▸ Work instructions
Below are the records. Retype exactly the lines between the lines holding "1. width of" and "- character of", inclusive.

▸ Provided data
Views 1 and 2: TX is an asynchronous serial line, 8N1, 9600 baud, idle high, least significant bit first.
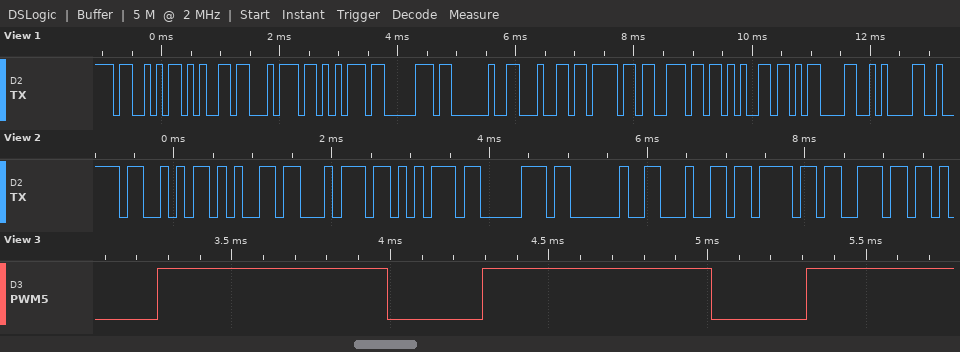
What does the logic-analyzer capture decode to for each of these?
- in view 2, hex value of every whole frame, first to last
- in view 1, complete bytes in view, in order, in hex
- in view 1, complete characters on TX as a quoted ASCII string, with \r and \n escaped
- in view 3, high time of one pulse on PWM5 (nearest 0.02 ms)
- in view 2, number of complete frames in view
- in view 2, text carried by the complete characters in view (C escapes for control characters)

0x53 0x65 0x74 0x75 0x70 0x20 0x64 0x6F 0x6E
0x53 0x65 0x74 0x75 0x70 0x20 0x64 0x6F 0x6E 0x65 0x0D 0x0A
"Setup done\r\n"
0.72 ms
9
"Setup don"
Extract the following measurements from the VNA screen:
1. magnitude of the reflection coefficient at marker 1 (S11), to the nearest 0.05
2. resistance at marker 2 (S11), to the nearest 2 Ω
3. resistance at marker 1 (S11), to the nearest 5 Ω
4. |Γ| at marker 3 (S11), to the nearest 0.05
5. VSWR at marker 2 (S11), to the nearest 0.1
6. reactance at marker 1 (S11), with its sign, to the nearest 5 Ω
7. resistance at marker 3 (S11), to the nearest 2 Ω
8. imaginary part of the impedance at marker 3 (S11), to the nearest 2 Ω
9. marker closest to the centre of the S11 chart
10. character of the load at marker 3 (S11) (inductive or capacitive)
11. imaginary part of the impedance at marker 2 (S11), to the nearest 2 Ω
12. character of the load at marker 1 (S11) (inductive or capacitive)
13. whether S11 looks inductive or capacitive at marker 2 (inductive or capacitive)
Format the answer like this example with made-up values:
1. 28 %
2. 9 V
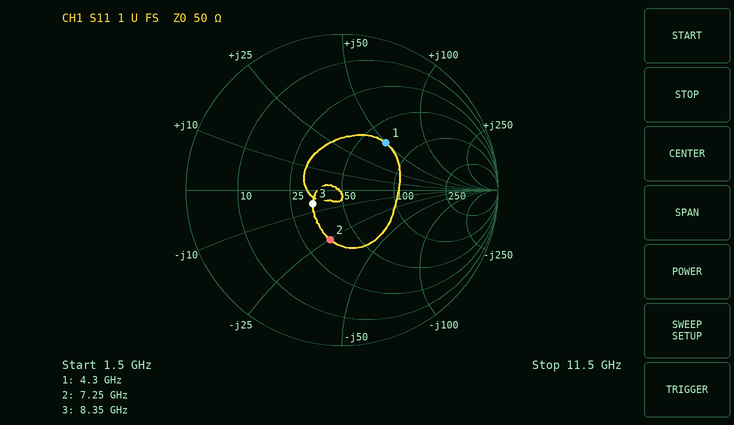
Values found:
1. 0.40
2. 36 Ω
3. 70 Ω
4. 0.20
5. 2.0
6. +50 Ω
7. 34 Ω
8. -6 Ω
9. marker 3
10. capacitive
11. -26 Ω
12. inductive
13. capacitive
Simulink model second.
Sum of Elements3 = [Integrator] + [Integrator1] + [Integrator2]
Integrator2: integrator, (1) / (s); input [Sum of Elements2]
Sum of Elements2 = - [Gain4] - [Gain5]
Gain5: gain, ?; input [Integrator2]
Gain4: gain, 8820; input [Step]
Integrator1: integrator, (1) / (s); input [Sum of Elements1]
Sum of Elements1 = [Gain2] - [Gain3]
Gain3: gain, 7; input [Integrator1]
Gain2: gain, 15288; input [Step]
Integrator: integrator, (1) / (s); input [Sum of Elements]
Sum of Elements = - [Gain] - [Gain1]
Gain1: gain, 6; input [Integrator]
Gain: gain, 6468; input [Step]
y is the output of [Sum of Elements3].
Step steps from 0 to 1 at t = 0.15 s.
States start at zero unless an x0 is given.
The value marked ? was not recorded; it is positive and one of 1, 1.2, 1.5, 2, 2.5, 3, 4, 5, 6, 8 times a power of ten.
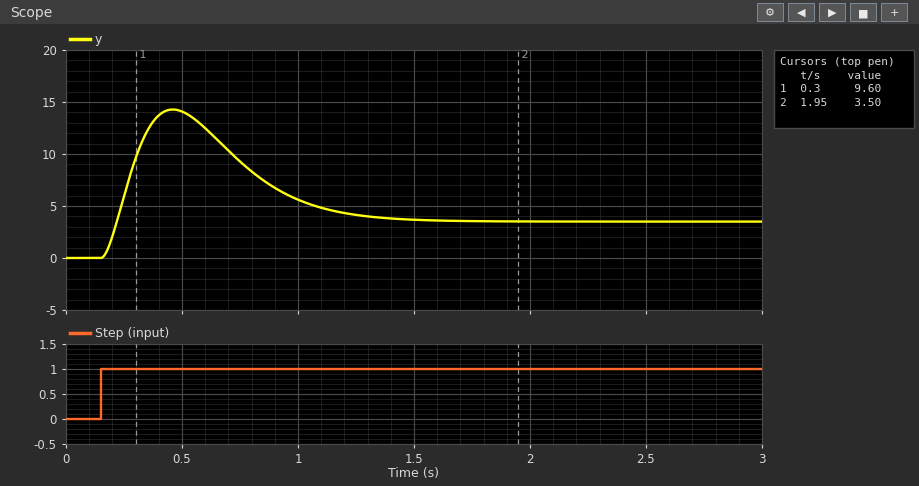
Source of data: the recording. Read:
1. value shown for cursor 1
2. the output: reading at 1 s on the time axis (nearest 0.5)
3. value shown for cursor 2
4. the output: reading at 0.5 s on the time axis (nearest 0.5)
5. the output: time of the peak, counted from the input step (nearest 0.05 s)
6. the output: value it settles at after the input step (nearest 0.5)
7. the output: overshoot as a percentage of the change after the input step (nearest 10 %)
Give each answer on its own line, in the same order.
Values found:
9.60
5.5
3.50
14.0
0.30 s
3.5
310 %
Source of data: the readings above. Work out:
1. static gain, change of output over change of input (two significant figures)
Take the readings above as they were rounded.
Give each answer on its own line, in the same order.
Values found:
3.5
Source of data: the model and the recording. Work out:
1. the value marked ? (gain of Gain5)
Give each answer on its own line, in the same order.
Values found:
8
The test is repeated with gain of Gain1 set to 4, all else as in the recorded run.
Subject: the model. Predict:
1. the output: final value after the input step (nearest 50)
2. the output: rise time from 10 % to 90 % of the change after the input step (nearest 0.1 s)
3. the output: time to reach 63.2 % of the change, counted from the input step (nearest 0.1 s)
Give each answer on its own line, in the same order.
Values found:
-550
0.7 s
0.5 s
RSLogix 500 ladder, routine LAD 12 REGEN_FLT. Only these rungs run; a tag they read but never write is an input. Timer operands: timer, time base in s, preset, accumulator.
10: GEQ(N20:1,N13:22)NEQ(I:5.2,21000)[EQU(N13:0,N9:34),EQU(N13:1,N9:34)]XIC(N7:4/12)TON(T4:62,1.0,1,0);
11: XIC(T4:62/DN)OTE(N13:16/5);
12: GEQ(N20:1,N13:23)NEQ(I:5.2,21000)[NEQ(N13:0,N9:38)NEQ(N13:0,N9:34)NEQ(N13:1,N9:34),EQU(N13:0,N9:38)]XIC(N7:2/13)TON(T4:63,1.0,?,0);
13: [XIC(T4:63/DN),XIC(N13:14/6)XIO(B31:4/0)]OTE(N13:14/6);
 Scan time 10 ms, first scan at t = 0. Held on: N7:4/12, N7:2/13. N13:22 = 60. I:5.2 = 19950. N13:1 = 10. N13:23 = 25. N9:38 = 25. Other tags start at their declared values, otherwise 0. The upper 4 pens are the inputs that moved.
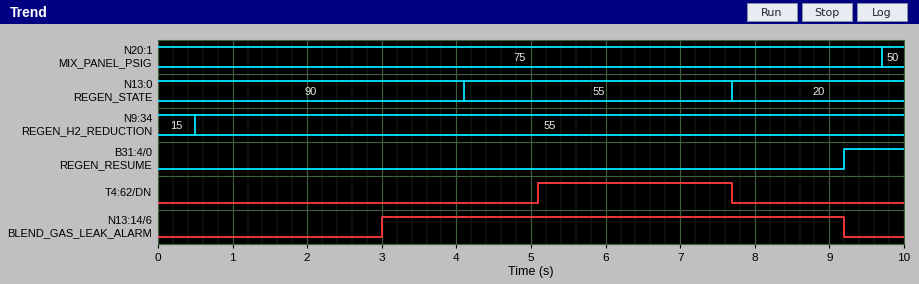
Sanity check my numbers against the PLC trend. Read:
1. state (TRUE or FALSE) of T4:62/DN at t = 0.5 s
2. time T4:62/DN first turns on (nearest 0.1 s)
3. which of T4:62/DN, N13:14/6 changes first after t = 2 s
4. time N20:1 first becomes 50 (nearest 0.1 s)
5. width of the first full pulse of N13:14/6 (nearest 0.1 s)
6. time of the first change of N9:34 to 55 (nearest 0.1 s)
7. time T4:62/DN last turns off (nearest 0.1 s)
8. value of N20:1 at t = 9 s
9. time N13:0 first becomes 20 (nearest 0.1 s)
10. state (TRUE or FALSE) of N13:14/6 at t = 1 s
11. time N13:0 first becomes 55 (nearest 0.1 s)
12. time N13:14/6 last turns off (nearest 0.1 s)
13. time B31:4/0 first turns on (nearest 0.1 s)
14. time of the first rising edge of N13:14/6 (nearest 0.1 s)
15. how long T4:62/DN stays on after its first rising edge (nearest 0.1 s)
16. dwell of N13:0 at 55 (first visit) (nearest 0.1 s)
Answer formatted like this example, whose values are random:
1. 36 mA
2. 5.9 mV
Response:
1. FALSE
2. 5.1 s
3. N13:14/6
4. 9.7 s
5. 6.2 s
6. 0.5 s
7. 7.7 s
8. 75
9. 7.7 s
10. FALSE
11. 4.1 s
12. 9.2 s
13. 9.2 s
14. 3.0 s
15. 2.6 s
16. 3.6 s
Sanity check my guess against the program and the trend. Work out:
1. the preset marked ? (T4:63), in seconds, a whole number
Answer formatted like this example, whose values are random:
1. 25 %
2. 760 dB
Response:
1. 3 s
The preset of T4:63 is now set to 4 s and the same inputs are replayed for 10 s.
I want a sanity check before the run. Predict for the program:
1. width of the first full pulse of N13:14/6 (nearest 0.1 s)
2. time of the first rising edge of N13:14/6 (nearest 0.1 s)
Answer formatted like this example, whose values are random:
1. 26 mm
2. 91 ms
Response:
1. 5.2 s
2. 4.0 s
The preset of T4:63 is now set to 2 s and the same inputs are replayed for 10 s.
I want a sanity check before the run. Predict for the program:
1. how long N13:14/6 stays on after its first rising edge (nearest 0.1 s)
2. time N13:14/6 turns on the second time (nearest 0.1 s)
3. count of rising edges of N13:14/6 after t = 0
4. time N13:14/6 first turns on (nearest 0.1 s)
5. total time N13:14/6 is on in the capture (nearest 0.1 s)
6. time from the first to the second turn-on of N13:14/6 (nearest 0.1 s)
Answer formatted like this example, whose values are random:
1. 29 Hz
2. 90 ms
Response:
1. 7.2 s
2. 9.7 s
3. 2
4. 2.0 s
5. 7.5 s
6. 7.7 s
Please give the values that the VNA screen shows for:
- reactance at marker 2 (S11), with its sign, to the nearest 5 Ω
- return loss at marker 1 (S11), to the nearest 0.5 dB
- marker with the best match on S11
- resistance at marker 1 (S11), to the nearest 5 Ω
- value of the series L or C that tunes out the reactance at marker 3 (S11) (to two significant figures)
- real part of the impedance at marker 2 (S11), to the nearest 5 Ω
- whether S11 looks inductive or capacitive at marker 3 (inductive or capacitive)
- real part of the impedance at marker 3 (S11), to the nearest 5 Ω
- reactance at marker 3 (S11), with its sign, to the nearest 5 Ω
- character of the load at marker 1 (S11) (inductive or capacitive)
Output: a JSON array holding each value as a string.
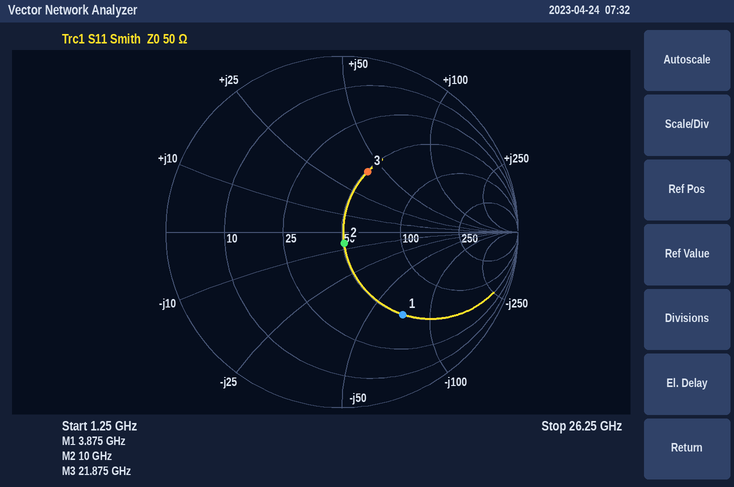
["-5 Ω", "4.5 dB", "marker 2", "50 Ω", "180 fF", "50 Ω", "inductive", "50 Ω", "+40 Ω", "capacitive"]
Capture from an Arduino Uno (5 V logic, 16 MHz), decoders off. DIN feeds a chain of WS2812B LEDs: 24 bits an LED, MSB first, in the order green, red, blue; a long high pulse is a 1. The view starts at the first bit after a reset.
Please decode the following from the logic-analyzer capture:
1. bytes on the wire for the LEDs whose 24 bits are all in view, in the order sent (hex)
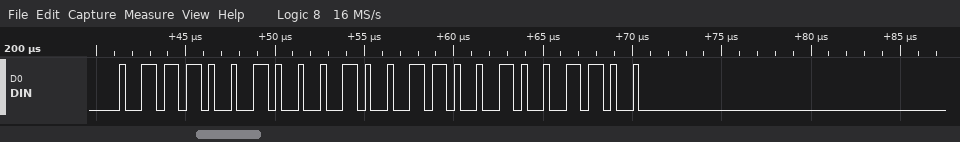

▸ Answer
1. width of the first full pulse of N13:14/6 (nearest 0.1 s)
2. time of the first rising edge of N13:14/6 (nearest 0.1 s)
Answer formatted like this example, whose values are random:
1. 26 mm
2. 91 ms
Response:
1. 5.2 s
2. 4.0 s
The preset of T4:63 is now set to 2 s and the same inputs are replayed for 10 s.
I want a sanity check before the run. Predict for the program:
1. how long N13:14/6 stays on after its first rising edge (nearest 0.1 s)
2. time N13:14/6 turns on the second time (nearest 0.1 s)
3. count of rising edges of N13:14/6 after t = 0
4. time N13:14/6 first turns on (nearest 0.1 s)
5. total time N13:14/6 is on in the capture (nearest 0.1 s)
6. time from the first to the second turn-on of N13:14/6 (nearest 0.1 s)
Answer formatted like this example, whose values are random:
1. 29 Hz
2. 90 ms
Response:
1. 7.2 s
2. 9.7 s
3. 2
4. 2.0 s
5. 7.5 s
6. 7.7 s
Please give the values that the VNA screen shows for:
- reactance at marker 2 (S11), with its sign, to the nearest 5 Ω
- return loss at marker 1 (S11), to the nearest 0.5 dB
- marker with the best match on S11
- resistance at marker 1 (S11), to the nearest 5 Ω
- value of the series L or C that tunes out the reactance at marker 3 (S11) (to two significant figures)
- real part of the impedance at marker 2 (S11), to the nearest 5 Ω
- whether S11 looks inductive or capacitive at marker 3 (inductive or capacitive)
- real part of the impedance at marker 3 (S11), to the nearest 5 Ω
- reactance at marker 3 (S11), with its sign, to the nearest 5 Ω
- character of the load at marker 1 (S11) (inductive or capacitive)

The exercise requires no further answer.